Je suis totalement incapable de la satisfaire. Elle le savait, puisqu’elle ouvre un tiroir pour en sortir un gode magnifique, muni des dernières techniques de l’innovation en la matière.

Elle se met sur moi en 69, pend à nouveau ma bite dans sa bouche, sa langue étant toujours aussi active sur mon bâton inerte. Par contre, sous mes yeux, elle se branle avec son nouveau compagnon.

Elle se baise gentiment, lentement, profondément. Je vois bien le gode s’enfoncer, tourner sur lui-même, aller et venir là où j’aurais aimé être. Mais la maligne sait comment me faire bander. Le spectacle qu’elle me donne fait relever la tête de Popaul.

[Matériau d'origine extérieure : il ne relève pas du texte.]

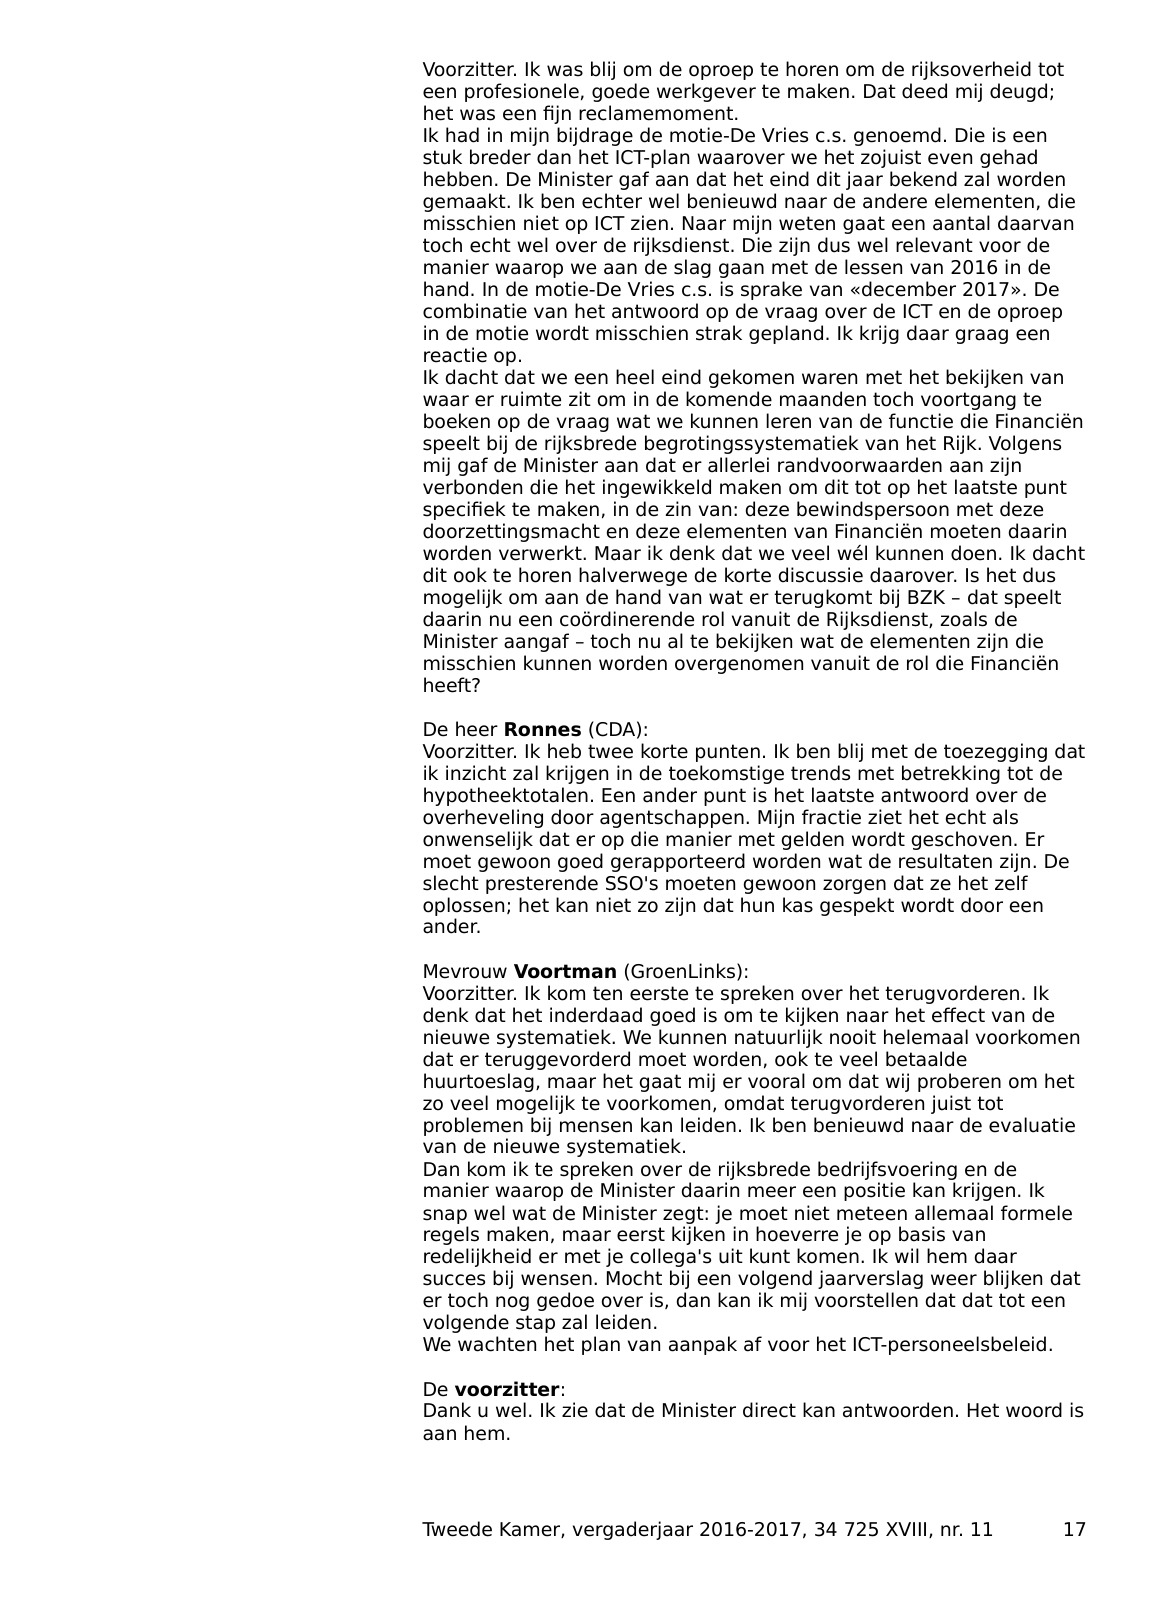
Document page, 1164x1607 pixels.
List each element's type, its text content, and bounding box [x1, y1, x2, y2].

text Voorzitter. Ik kom ten eerste te spreken over het terugvorderen. Ik denk dat het inderdaad goed is om te kijken naar het effect van de nieuwe systematiek. We kunnen natuurlijk nooit helemaal voorkomen dat er teruggevorderd moet worden, ook te veel betaalde huurtoeslag, maar het gaat mij er vooral om dat wij proberen om het zo veel mogelijk te voorkomen, omdat terugvorderen juist tot problemen bij mensen kan leiden. Ik ben benieuwd naar de evaluatie van de nieuwe systematiek. [422, 983, 1087, 1158]
text Ik dacht dat we een heel eind gekomen waren met het bekijken van waar er ruimte zit om in de komende maanden toch voortgang te boeken op de vraag wat we kunnen leren van de functie die Financiën speelt bij de rijksbrede begrotingssystematiek van het Rijk. Volgens mij gaf de Minister aan dat er allerlei randvoorwaarden aan zijn verbonden die het ingewikkeld maken om dit tot op het laatste punt specifiek te maken, in de zin van: deze bewindspersoon met deze doorzettingsmacht en deze elementen van Financiën moeten daarin worden verwerkt. Maar ik denk dat we veel wél kunnen doen. Ik dacht dit ook te horen halverwege de korte discussie daarover. Is het dus mogelijk om aan de hand van wat er terugkomt bij BZK – dat speelt daarin nu een coördinerende rol vanuit de Rijksdienst, zoals de Minister aangaf – toch nu al te bekijken wat de elementen zijn die misschien kunnen worden overgenomen vanuit de rol die Financiën heeft? [422, 367, 1087, 696]
text Voorzitter. Ik heb twee korte punten. Ik ben blij met de toezegging dat ik inzicht zal krijgen in de toekomstige trends met betrekking tot de hypotheektotalen. Een ander punt is het laatste antwoord over de overheveling door agentschappen. Mijn fractie ziet het echt als onwenselijk dat er op die manier met gelden wordt geschoven. Er moet gewoon goed gerapporteerd worden wat de resultaten zijn. De slecht presterende SSO's moeten gewoon zorgen dat ze het zelf oplossen; het kan niet zo zijn dat hun kas gespekt wordt door een ander. [422, 741, 1087, 938]
text Mevrouw Voortman (GroenLinks): [422, 961, 1087, 983]
text Dan kom ik te spreken over de rijksbrede bedrijfsvoering en de manier waarop de Minister daarin meer een positie kan krijgen. Ik snap wel wat de Minister zegt: je moet niet meteen allemaal formele regels maken, maar eerst kijken in hoeverre je op basis van redelijkheid er met je collega's uit kunt komen. Ik wil hem daar succes bij wensen. Mocht bij een volgend jaarverslag weer blijken dat er toch nog gedoe over is, dan kan ik mij voorstellen dat dat tot een volgende stap zal leiden. [422, 1158, 1087, 1334]
text Ik had in mijn bijdrage de motie-De Vries c.s. genoemd. Die is een stuk breder dan het ICT-plan waarover we het zojuist even gehad hebben. De Minister gaf aan dat het eind dit jaar bekend zal worden gemaakt. Ik ben echter wel benieuwd naar de andere elementen, die misschien niet op ICT zien. Naar mijn weten gaat een aantal daarvan toch echt wel over de rijksdienst. Die zijn dus wel relevant voor de manier waarop we aan de slag gaan met de lessen van 2016 in de hand. In de motie-De Vries c.s. is sprake van «december 2017». De combinatie van het antwoord op de vraag over de ICT en de oproep in de motie wordt misschien strak gepland. Ik krijg daar graag een reactie op. [422, 125, 1087, 367]
text De voorzitter: [422, 1378, 1087, 1400]
text Dank u wel. Ik zie dat de Minister direct kan antwoorden. Het woord is aan hem. [422, 1400, 1087, 1444]
text Voorzitter. Ik was blij om de oproep te horen om de rijksoverheid tot een profesionele, goede werkgever te maken. Dat deed mij deugd; het was een fijn reclamemoment. [422, 59, 1087, 125]
text We wachten het plan van aanpak af voor het ICT-personeelsbeleid. [422, 1334, 1087, 1356]
text De heer Ronnes (CDA): [422, 719, 1087, 741]

Je bande bien maintenant. Elle arrête sa masturbation pour venir sur moi, les jambes ouvertes. Elle se met le gode dans le cul facilement.

– Baise-moi.

– Tu la veux où ?

– Dans le cul, avec le gode.

– Et devant ?

– Je me branlerai.

Je vais essayer de la contenter. La présence d’un gode n’est pas facile pour l’enculer. Je fais ce que je peux ; elle écarte aussi encore plus ses fesses pour s’offrir mieux. À force, j’entre en elle. Je sens un plaisir nouveau ; la présence du gode vibrant dans le cul me donne d’autres sensations extraordinaires.

Elle doit y trouver son compte, à entendre ses gémissements et sa demande :

– Si ma copine était là, elle me sucerait bien comme elle sait faire. J’ai envie d’elle. Je vais passer un coup de fil.

La voilà, en pleine baise, à téléphoner à je ne sais qui. Si je débande un peu, elle jouit surtout en téléphonant et rn expliquant ce qu’elle fait. Nous sommes toujours moi dedans elle, avec ma bite et le gode dans son cul élargi.


J’allais finir par lâcher mon sperme quand une jolie fille entre sans frapper. Elle coupe ma jouissance, juste avant. Elle est vite nue : une autre exception de la nature devant moi. Avant tout, elle me donne un baiser sur la bouche, puis embrasse sa copine sur la bouche, bien sûr.

Elle se glisse sous nous ; je la vois quand elle vient prendre le clitoris de son amie, qui elle aussi prend le sien. Elles se font un 69 assez bizarre. La nouvelle arrive à bouger le gode en même temps que moi. C’est bien meilleur. Elle me caresse aussi les couilles.


Je ne pensais pas finir en trio avec deux perles de filles qui sont plutôt bis qu’homos. Je ne sais comment je fais pour ne pas partir. Je sens que ma première fille jouit plusieurs fois. Et enfin je sens venir du fond du ventre la vague libératrice. Je jouis comme je n’ai jamais joui.

C’est à croire que les orgasmes se transmettent des uns aux autres : elles aussi jouissent presque ensemble.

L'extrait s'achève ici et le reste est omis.